DATASET RECORDS:
########################################

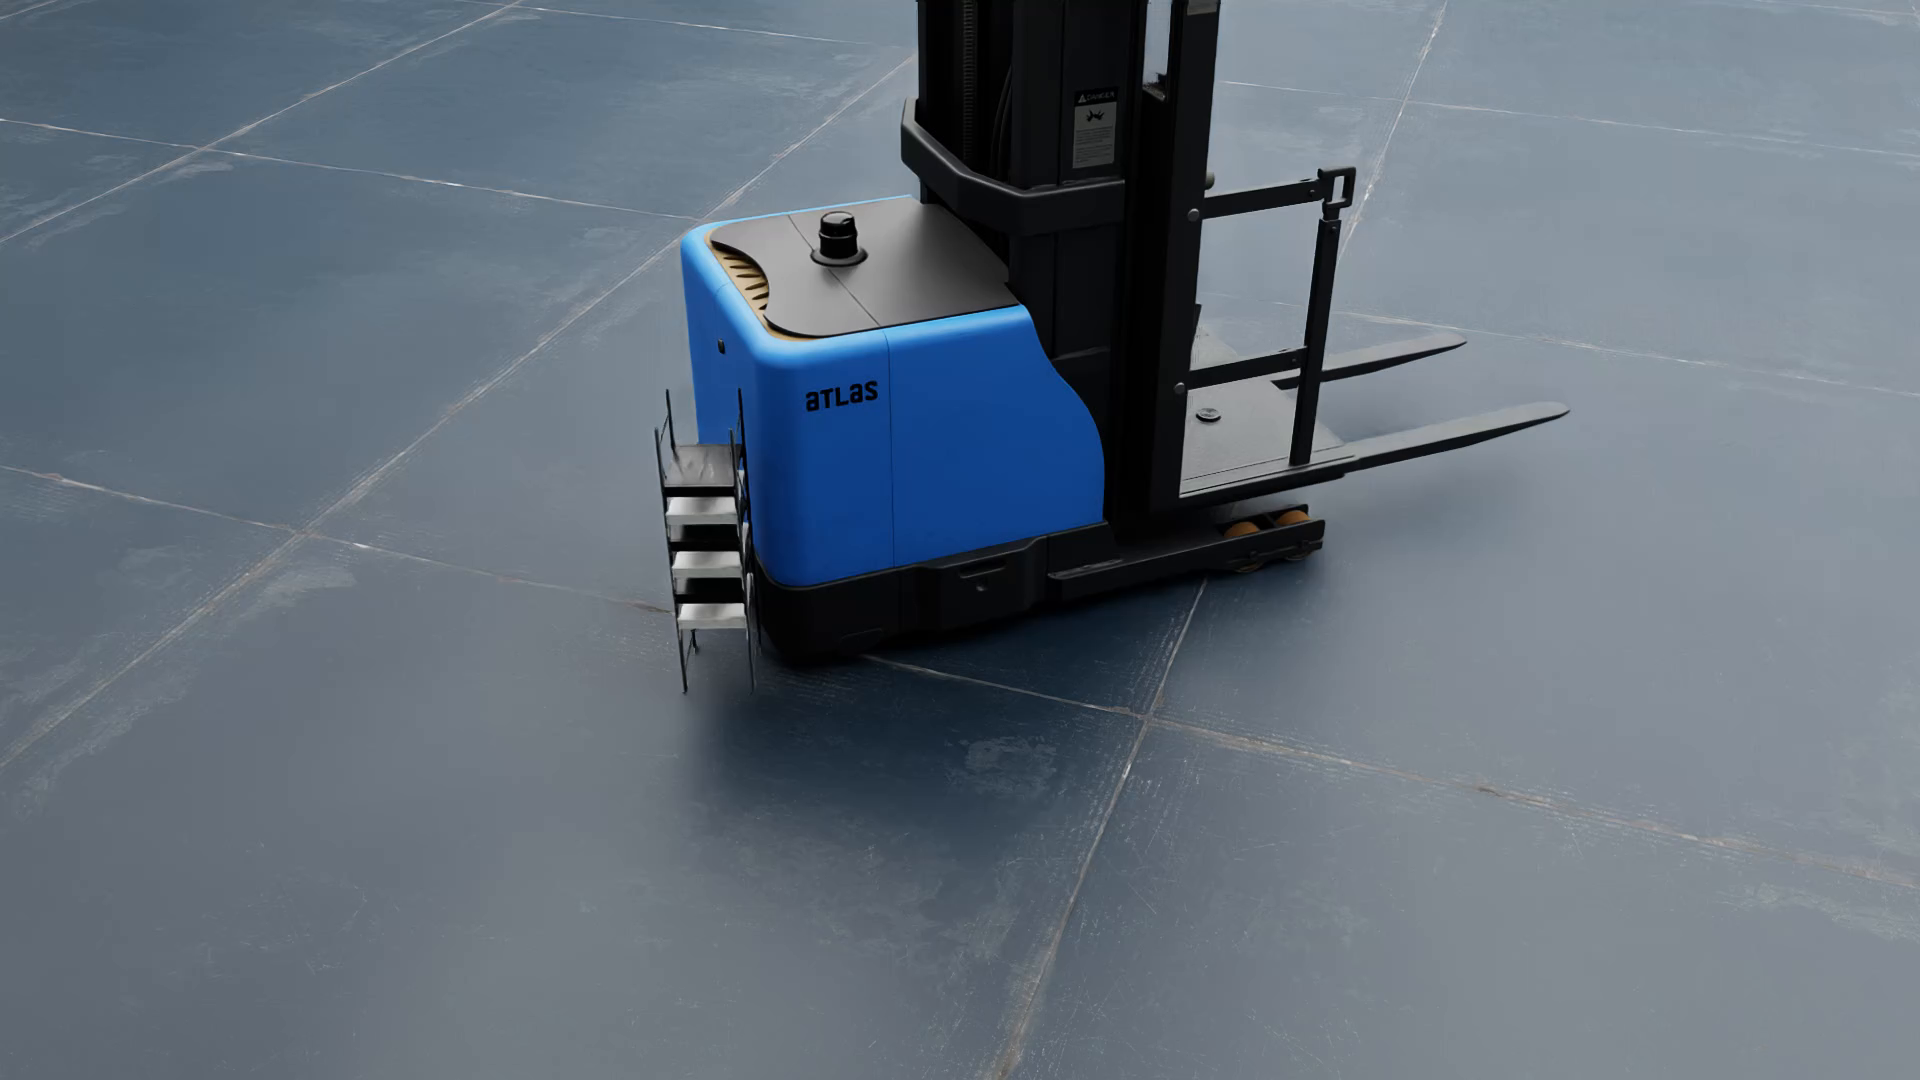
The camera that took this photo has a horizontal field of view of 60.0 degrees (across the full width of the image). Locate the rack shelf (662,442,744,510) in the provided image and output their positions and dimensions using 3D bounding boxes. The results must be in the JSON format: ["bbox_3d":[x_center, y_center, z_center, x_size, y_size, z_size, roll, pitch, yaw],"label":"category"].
[{"bbox_3d":[-0.722,-0.184,4.706,0.200,0.077,0.258,0,33,0],"label":"rack shelf"}]

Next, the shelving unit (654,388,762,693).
[{"bbox_3d":[-0.722,0.015,4.834,0.210,0.900,0.258,0,33,0],"label":"shelving unit"}]

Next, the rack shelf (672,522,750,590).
[{"bbox_3d":[-0.722,0.043,4.852,0.200,0.077,0.258,0,33,0],"label":"rack shelf"}]

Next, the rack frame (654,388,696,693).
[{"bbox_3d":[-0.823,0.015,4.833,0.006,0.900,0.240,0,33,0],"label":"rack frame"}]

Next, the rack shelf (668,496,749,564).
[{"bbox_3d":[-0.722,-0.033,4.803,0.200,0.077,0.258,0,33,0],"label":"rack shelf"}]

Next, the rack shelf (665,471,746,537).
[{"bbox_3d":[-0.722,-0.108,4.754,0.200,0.077,0.258,0,33,0],"label":"rack shelf"}]

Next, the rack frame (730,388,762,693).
[{"bbox_3d":[-0.620,0.014,4.835,0.006,0.900,0.240,0,33,0],"label":"rack frame"}]

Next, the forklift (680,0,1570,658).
[{"bbox_3d":[0.676,-1.375,5.114,3.031,2.935,1.130,-12,35,-18],"label":"forklift"}]

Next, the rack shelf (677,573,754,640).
[{"bbox_3d":[-0.722,0.194,4.950,0.200,0.077,0.258,0,33,0],"label":"rack shelf"}]

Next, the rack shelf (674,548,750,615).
[{"bbox_3d":[-0.722,0.118,4.901,0.200,0.077,0.258,0,33,0],"label":"rack shelf"}]
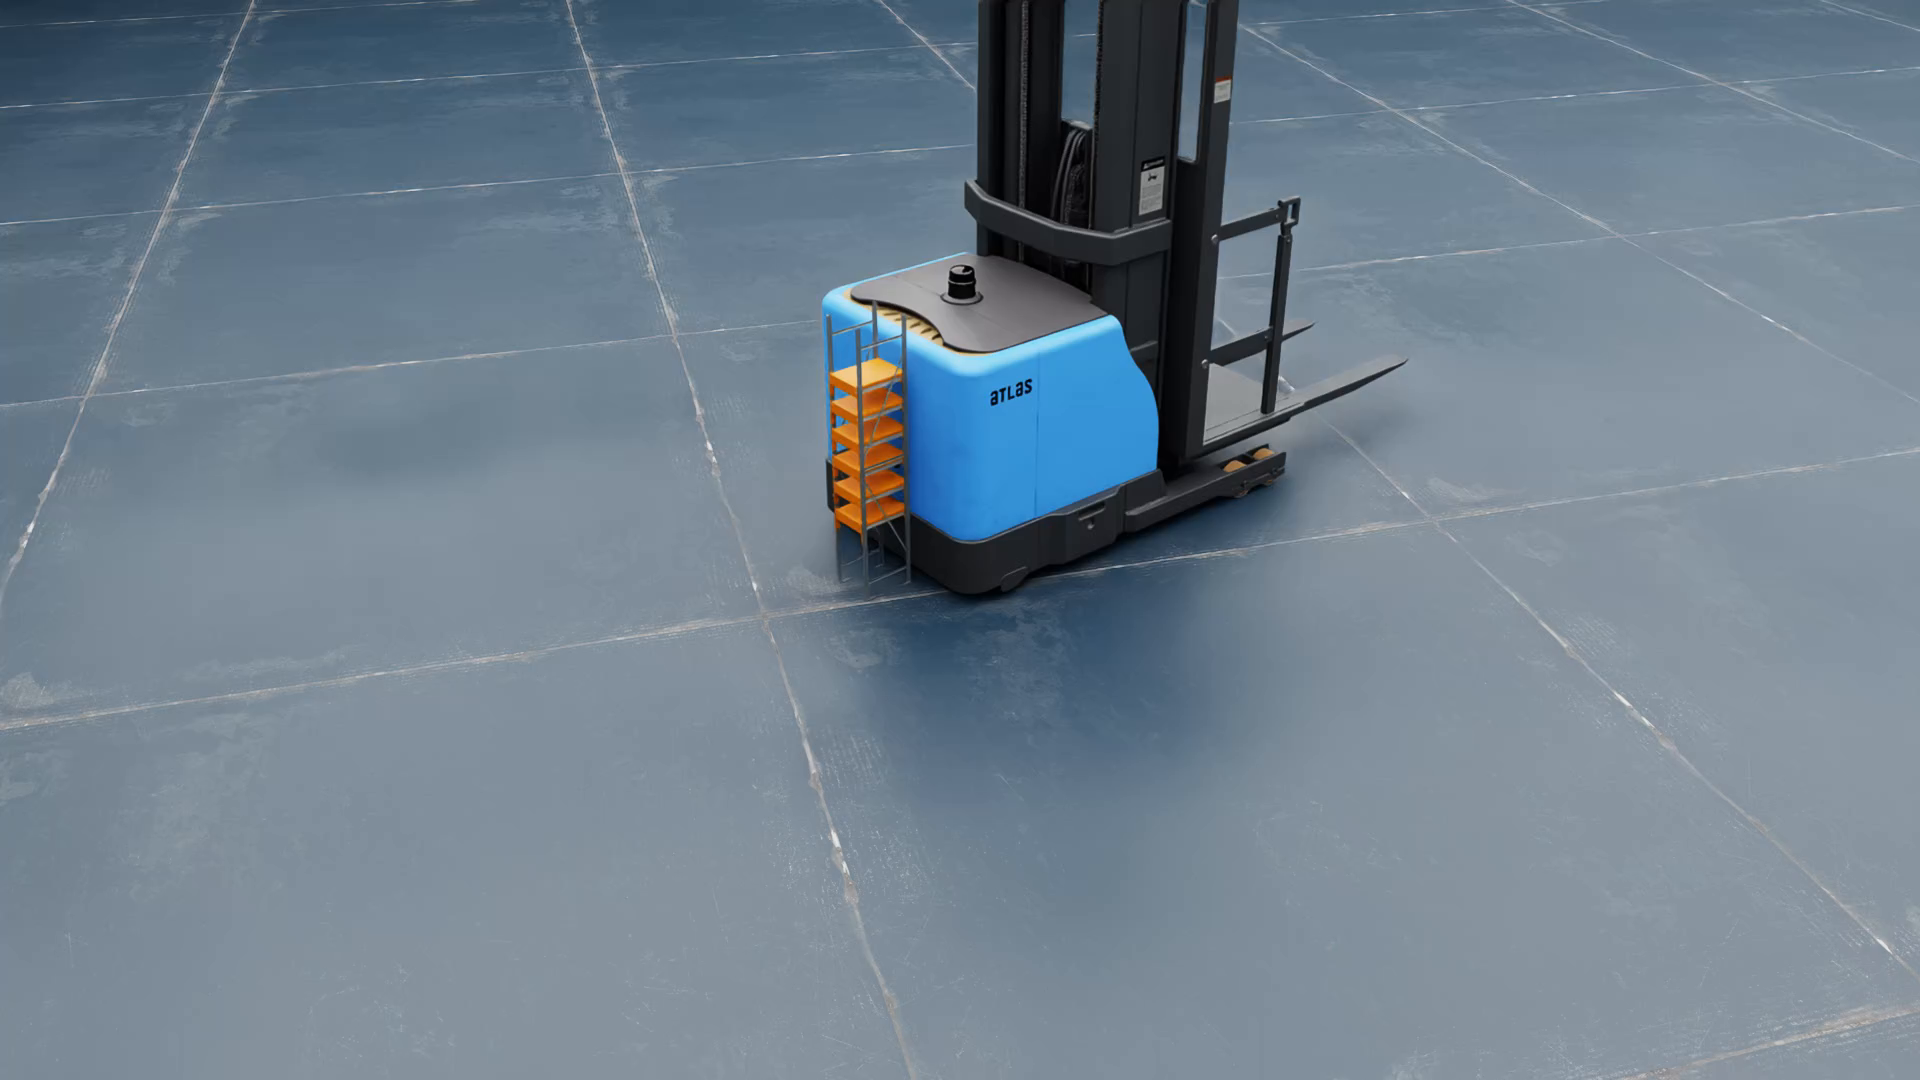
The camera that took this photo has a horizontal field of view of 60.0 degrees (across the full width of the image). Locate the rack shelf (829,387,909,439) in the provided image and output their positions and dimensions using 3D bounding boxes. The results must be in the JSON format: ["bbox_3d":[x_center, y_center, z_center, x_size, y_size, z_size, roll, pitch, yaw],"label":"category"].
[{"bbox_3d":[-0.357,-0.509,6.541,0.258,0.103,0.180,-23,37,-34],"label":"rack shelf"}]

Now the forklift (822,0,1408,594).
[{"bbox_3d":[0.877,-1.646,7.167,3.031,2.935,1.130,-22,37,-33],"label":"forklift"}]

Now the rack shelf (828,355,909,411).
[{"bbox_3d":[-0.357,-0.612,6.480,0.258,0.103,0.180,-23,37,-34],"label":"rack shelf"}]

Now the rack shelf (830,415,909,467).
[{"bbox_3d":[-0.357,-0.405,6.601,0.258,0.103,0.180,-23,37,-34],"label":"rack shelf"}]

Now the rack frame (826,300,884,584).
[{"bbox_3d":[-0.416,-0.374,6.699,0.240,1.200,0.006,-23,37,-34],"label":"rack frame"}]

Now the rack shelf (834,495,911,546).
[{"bbox_3d":[-0.357,-0.093,6.781,0.258,0.103,0.180,-23,37,-34],"label":"rack shelf"}]

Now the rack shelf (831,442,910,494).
[{"bbox_3d":[-0.357,-0.301,6.661,0.258,0.103,0.180,-23,37,-34],"label":"rack shelf"}]

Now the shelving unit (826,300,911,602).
[{"bbox_3d":[-0.357,-0.339,6.639,0.258,1.200,0.189,-23,37,-34],"label":"shelving unit"}]

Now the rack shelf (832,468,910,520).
[{"bbox_3d":[-0.357,-0.197,6.721,0.258,0.103,0.180,-23,37,-34],"label":"rack shelf"}]

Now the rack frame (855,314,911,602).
[{"bbox_3d":[-0.298,-0.304,6.578,0.240,1.200,0.006,-23,37,-34],"label":"rack frame"}]
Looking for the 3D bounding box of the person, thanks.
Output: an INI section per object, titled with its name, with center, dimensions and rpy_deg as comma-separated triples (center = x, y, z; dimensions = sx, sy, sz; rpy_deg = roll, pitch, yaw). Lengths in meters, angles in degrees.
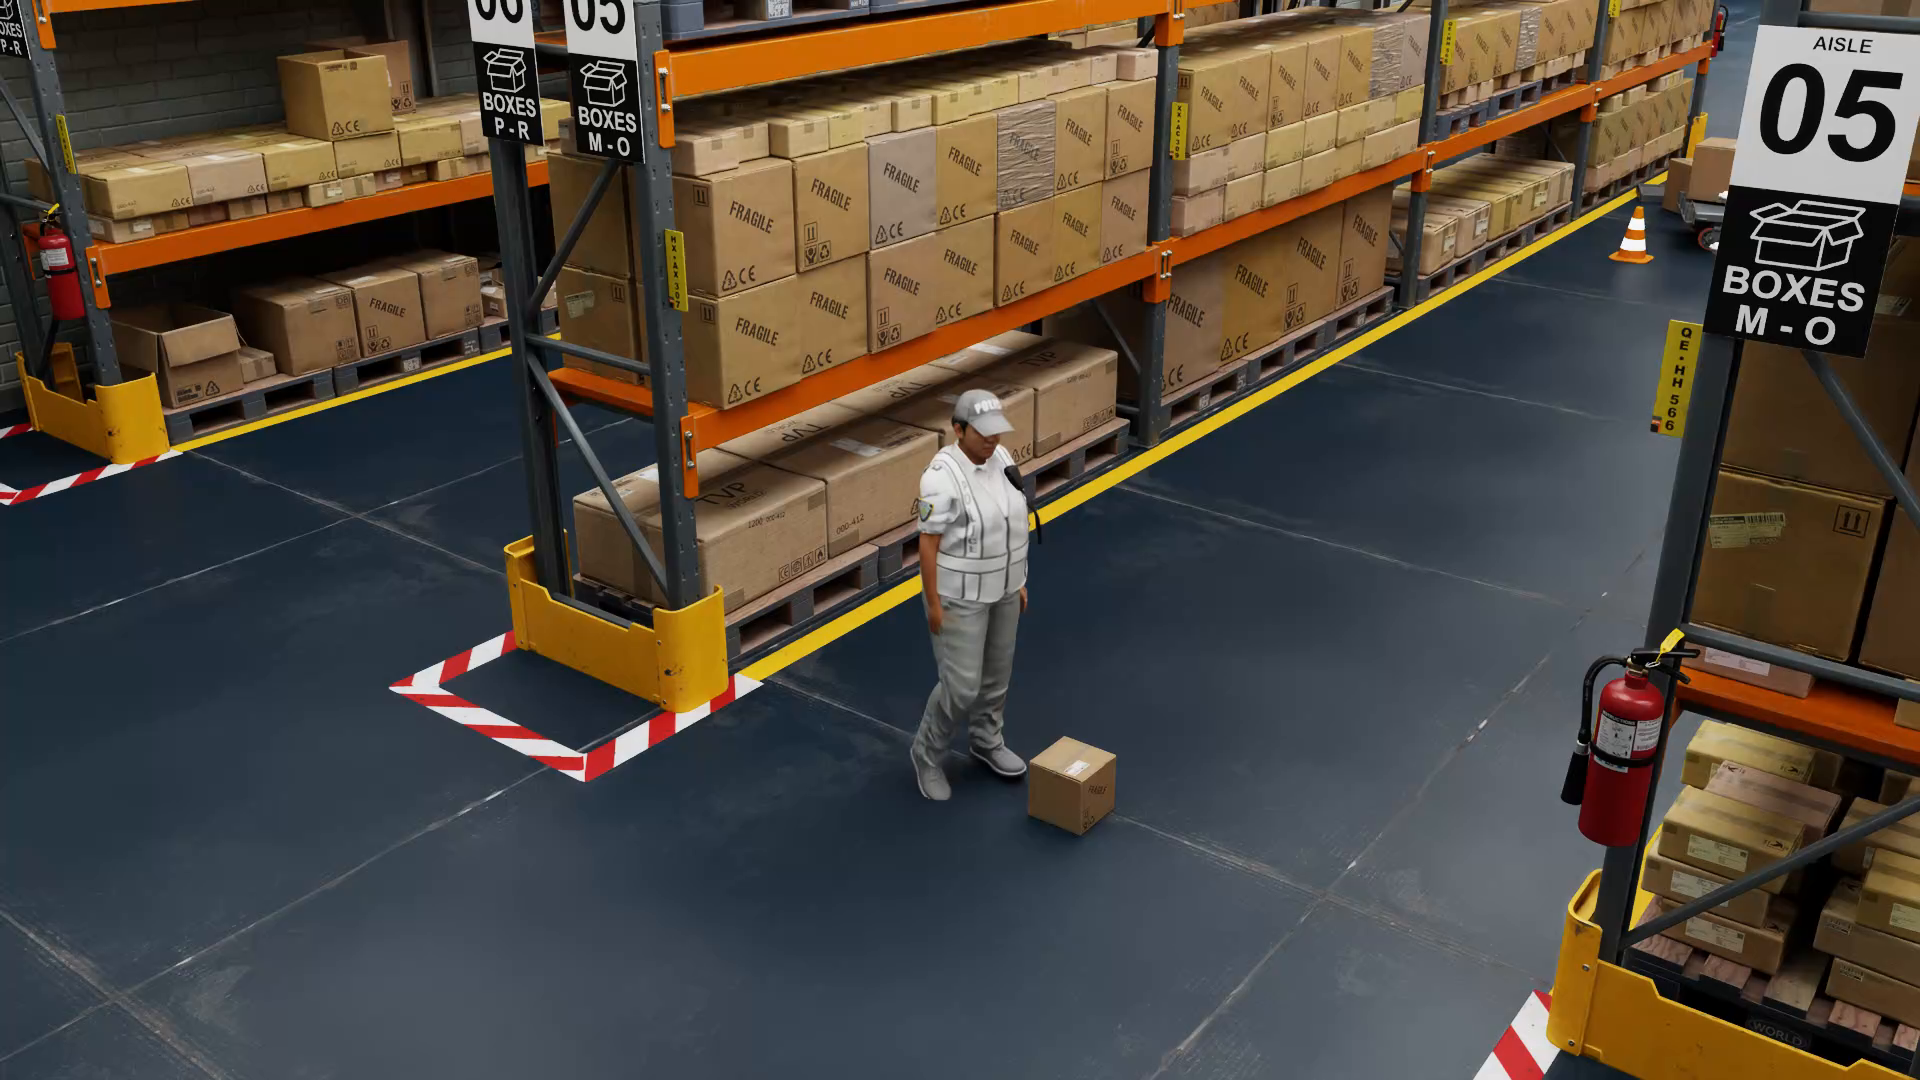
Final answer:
[person]
center = 0.054, 0.227, 6.599
dimensions = 0.393, 1.718, 0.516
rpy_deg = 21, 32, 40

########################################

Skip every picture and retype only the lines from the line with "Next, the forklift (680,0,1570,658)." through the last line of the listing, both ends included, exactly as they appear.

Next, the forklift (680,0,1570,658).
[{"bbox_3d":[0.676,-1.375,5.114,3.031,2.935,1.130,-12,35,-18],"label":"forklift"}]

Next, the rack shelf (677,573,754,640).
[{"bbox_3d":[-0.722,0.194,4.950,0.200,0.077,0.258,0,33,0],"label":"rack shelf"}]

Next, the rack shelf (674,548,750,615).
[{"bbox_3d":[-0.722,0.118,4.901,0.200,0.077,0.258,0,33,0],"label":"rack shelf"}]
The camera that took this photo has a horizontal field of view of 60.0 degrees (across the full width of the image). Locate the rack shelf (829,387,909,439) in the provided image and output their positions and dimensions using 3D bounding boxes. The results must be in the JSON format: ["bbox_3d":[x_center, y_center, z_center, x_size, y_size, z_size, roll, pitch, yaw],"label":"category"].
[{"bbox_3d":[-0.357,-0.509,6.541,0.258,0.103,0.180,-23,37,-34],"label":"rack shelf"}]

Now the forklift (822,0,1408,594).
[{"bbox_3d":[0.877,-1.646,7.167,3.031,2.935,1.130,-22,37,-33],"label":"forklift"}]

Now the rack shelf (828,355,909,411).
[{"bbox_3d":[-0.357,-0.612,6.480,0.258,0.103,0.180,-23,37,-34],"label":"rack shelf"}]

Now the rack shelf (830,415,909,467).
[{"bbox_3d":[-0.357,-0.405,6.601,0.258,0.103,0.180,-23,37,-34],"label":"rack shelf"}]

Now the rack frame (826,300,884,584).
[{"bbox_3d":[-0.416,-0.374,6.699,0.240,1.200,0.006,-23,37,-34],"label":"rack frame"}]

Now the rack shelf (834,495,911,546).
[{"bbox_3d":[-0.357,-0.093,6.781,0.258,0.103,0.180,-23,37,-34],"label":"rack shelf"}]

Now the rack shelf (831,442,910,494).
[{"bbox_3d":[-0.357,-0.301,6.661,0.258,0.103,0.180,-23,37,-34],"label":"rack shelf"}]

Now the shelving unit (826,300,911,602).
[{"bbox_3d":[-0.357,-0.339,6.639,0.258,1.200,0.189,-23,37,-34],"label":"shelving unit"}]

Now the rack shelf (832,468,910,520).
[{"bbox_3d":[-0.357,-0.197,6.721,0.258,0.103,0.180,-23,37,-34],"label":"rack shelf"}]

Now the rack frame (855,314,911,602).
[{"bbox_3d":[-0.298,-0.304,6.578,0.240,1.200,0.006,-23,37,-34],"label":"rack frame"}]
Looking for the 3D bounding box of the person, thanks.
Output: an INI section per object, titled with its name, with center, dimensions and rpy_deg as comma-separated triples (center = x, y, z; dimensions = sx, sy, sz; rpy_deg = roll, pitch, yaw). Lengths in meters, angles in degrees.
Final answer:
[person]
center = 0.054, 0.227, 6.599
dimensions = 0.393, 1.718, 0.516
rpy_deg = 21, 32, 40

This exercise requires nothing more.